For finite abelian groups, show that $G \times G \cong H \times H$ implies $G \cong H$
Let $G$ and $H$ be finite abelian groups such that $G \times G \cong H \times H$.
Then $G \cong H$.
I was going to just write the hypothesis as $G^2 \cong H^2$ and take square roots on both sides, but I don't think that would suffice (and neither would saying "true" a la Myself!)...
The hypothesis tells us that there is an isomorphism, say $f: G \times G\to H \times H$.
I would like to use this to come to the conclusion that there is a bijective homomorphism
$g: G \to H$. (I will be using additive notation...)
Since $f((a, b) + (c, d)) = f(a,b) + f(c, d)$ for all $a,b \in G$ and $c, d \in H$, I was thinking about choosing an arbitrary $a, b \in G$ and calculating:
$$
f((a, 0) + (b, 0)) = f(a, 0) + f(b, 0) \\ \Rightarrow
f(a + b, 0) = f(a, 0) + f(b, 0).
$$
I basically need to define g in such a way that it extracts the first dimension from the equation. Clearly (I think!), g will invoke f in some way. Can I have a tip on this? It's probably very simple, but I'm not sure how to express it symbolically.
I might not need to show that g is bijective if I can say something to the effect of "this routine verification is straightforward and left to the reader", but I'm afraid I might not be able to perform such a verification if put on the spot! Here's a stab:
f injective $\Leftrightarrow f(a,b) = f(c,d) \Rightarrow (a, b) = (c, d) \Rightarrow a = c \wedge b = d$
So by definition of g (forthcoming...), g(a) = g(c) implies that a = c.

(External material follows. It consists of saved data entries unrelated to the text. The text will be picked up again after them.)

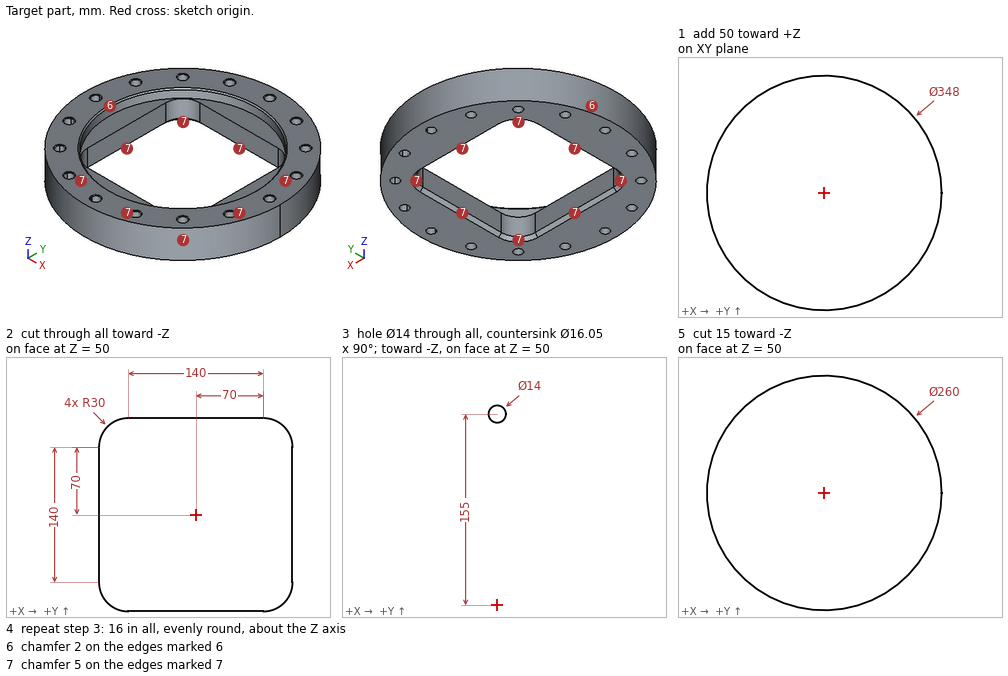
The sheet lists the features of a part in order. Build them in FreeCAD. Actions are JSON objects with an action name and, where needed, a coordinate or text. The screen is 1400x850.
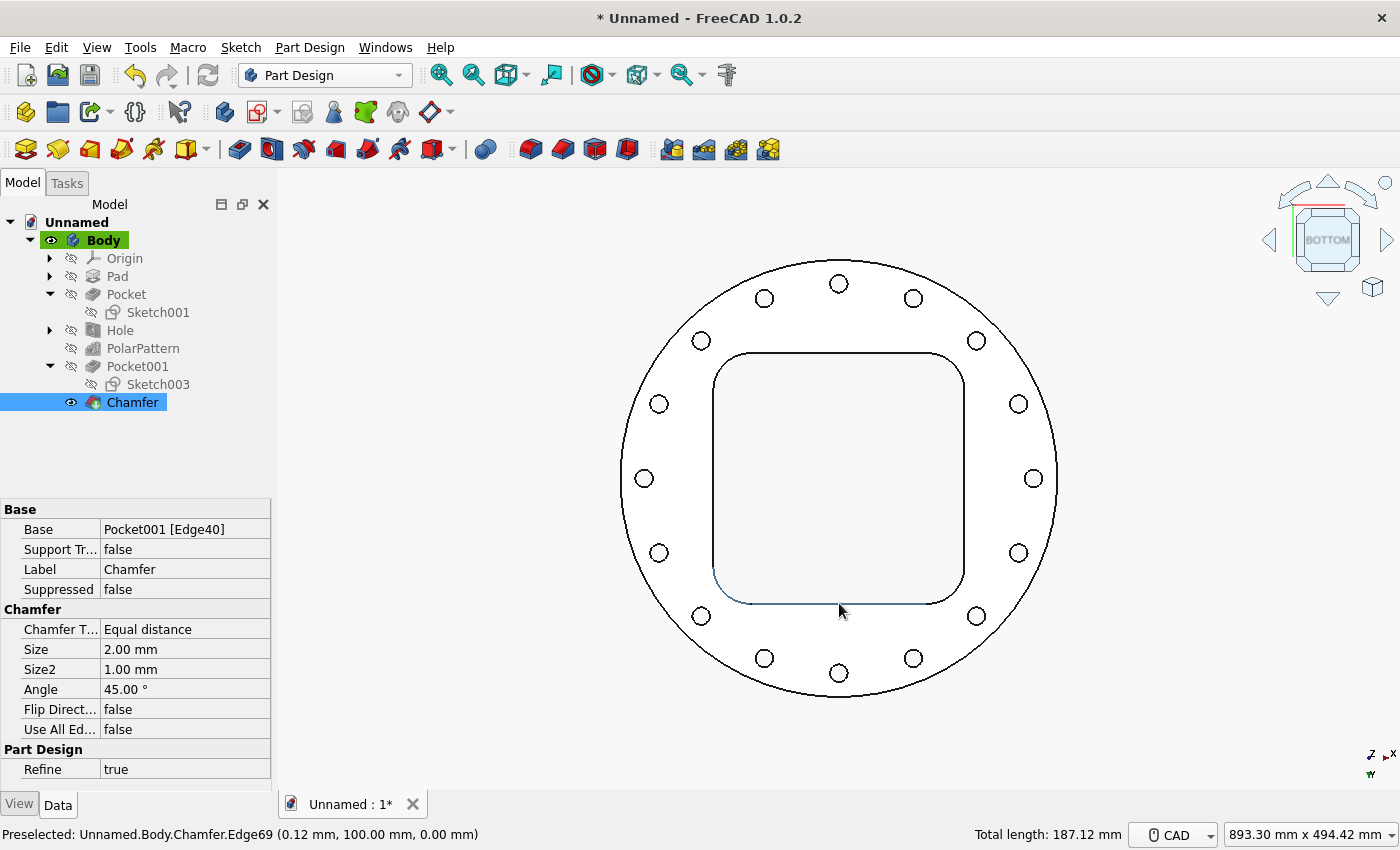
{"action": "left_click", "coordinate": [953, 592], "text": "ctrl"}
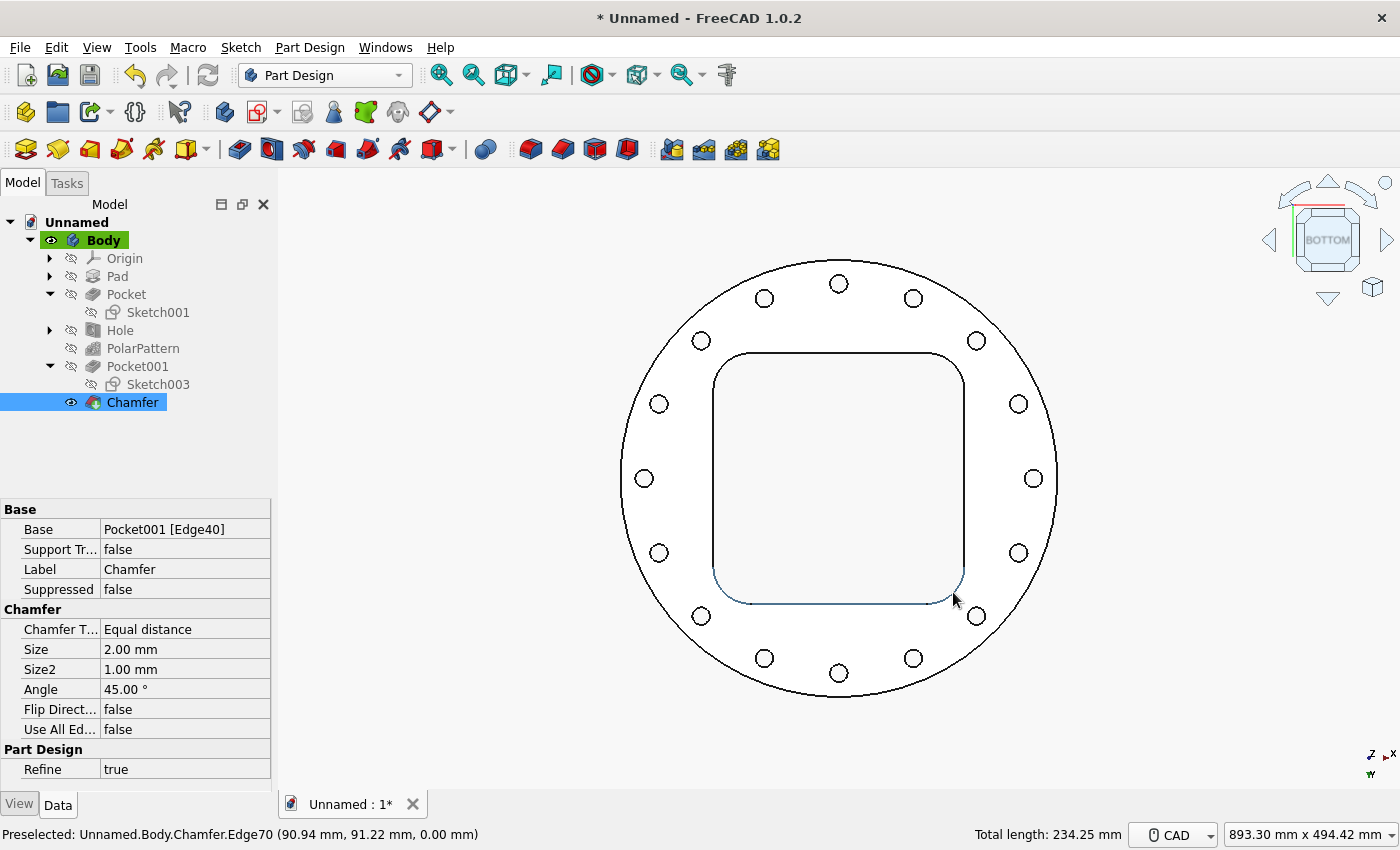
{"action": "left_click", "coordinate": [964, 477], "text": "ctrl"}
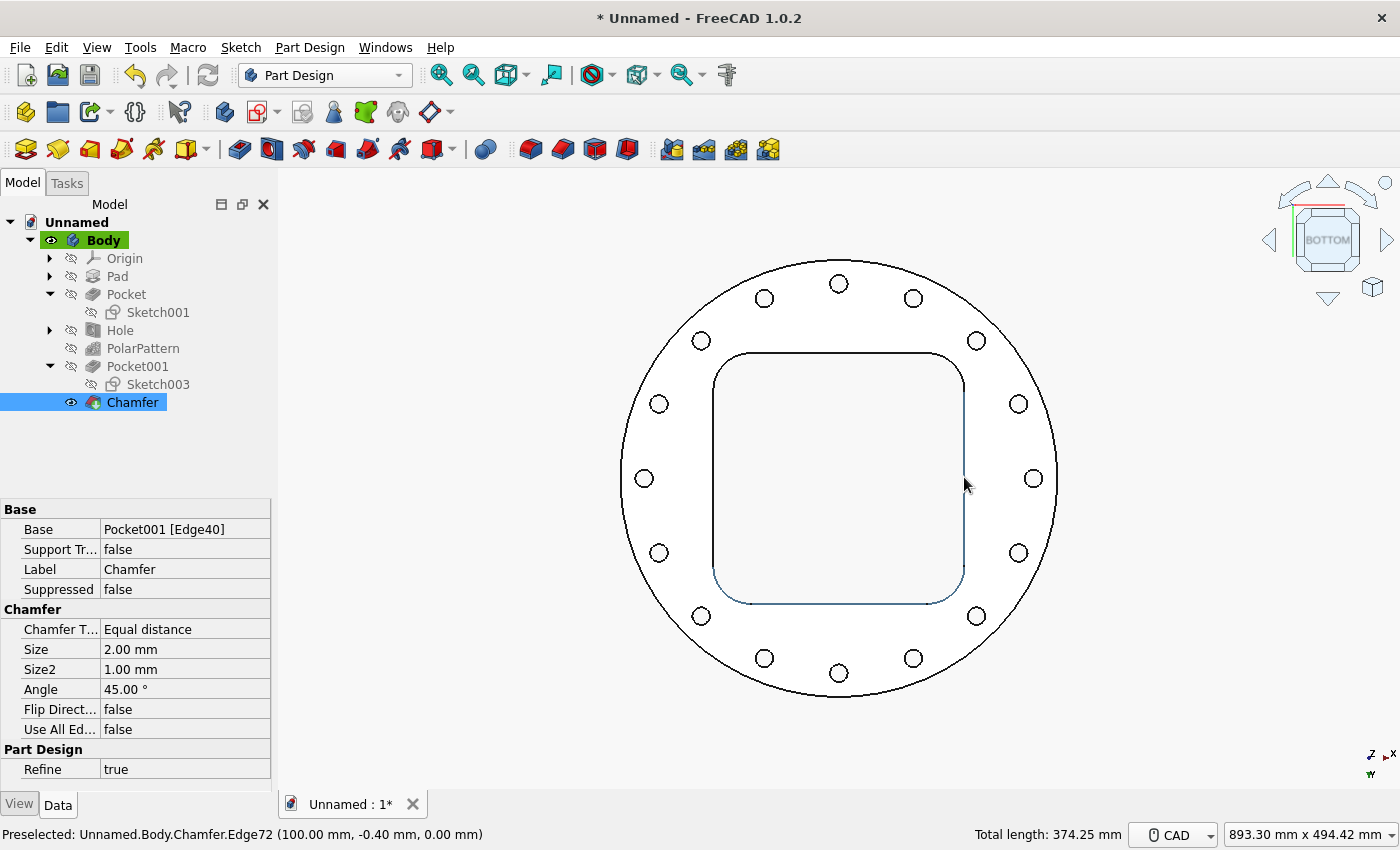
{"action": "left_click", "coordinate": [949, 359], "text": "ctrl"}
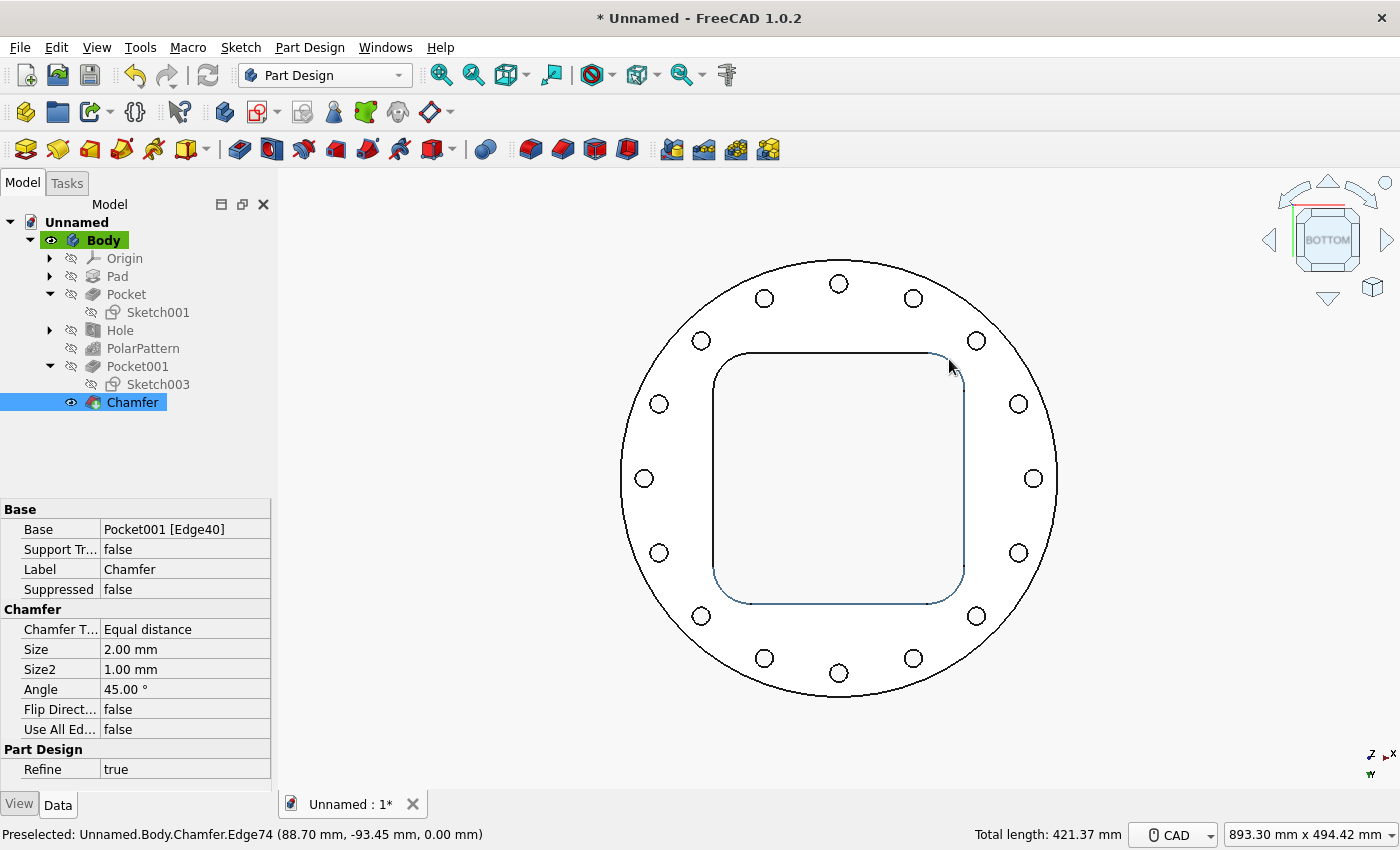
{"action": "key", "text": "4"}
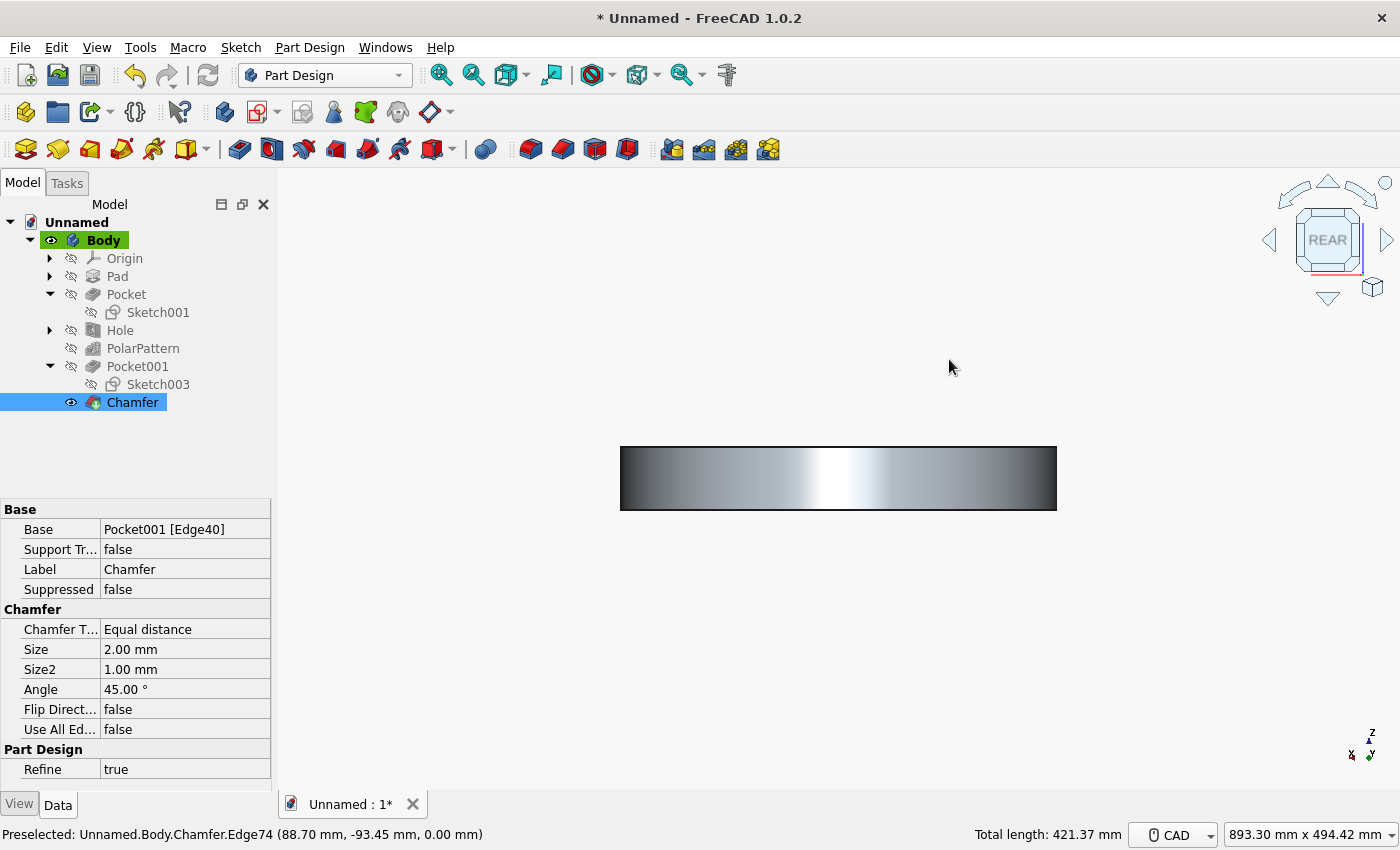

Surjective: For all $x, y \in H$, there exists $a, b \in G : f(a,b) = (x, y)$
Man, this really seems trivial, but without my definition of g, I feel like I'm handwaving...
Thanks again, guys!
Note that it is enough to assume that both $G$ and $H$ are finite $p$ torsion groups for some prime $p$ because under any isomorphism $p$ torsion elements go to $p$ torsion elements and any finite abelian group is direct sum of $p$ torsion groups for finitely many distinct prime $p$. So both $G$ and $H$ have the form $\mathbb{Z}/p^{n_1}\mathbb{Z} \times \mathbb{Z}/p^{n_2}\mathbb{Z} \times \ldots \mathbb{Z}/p^{n_m}\mathbb{Z}$ for some prime $p$. Now you may use structure theorem.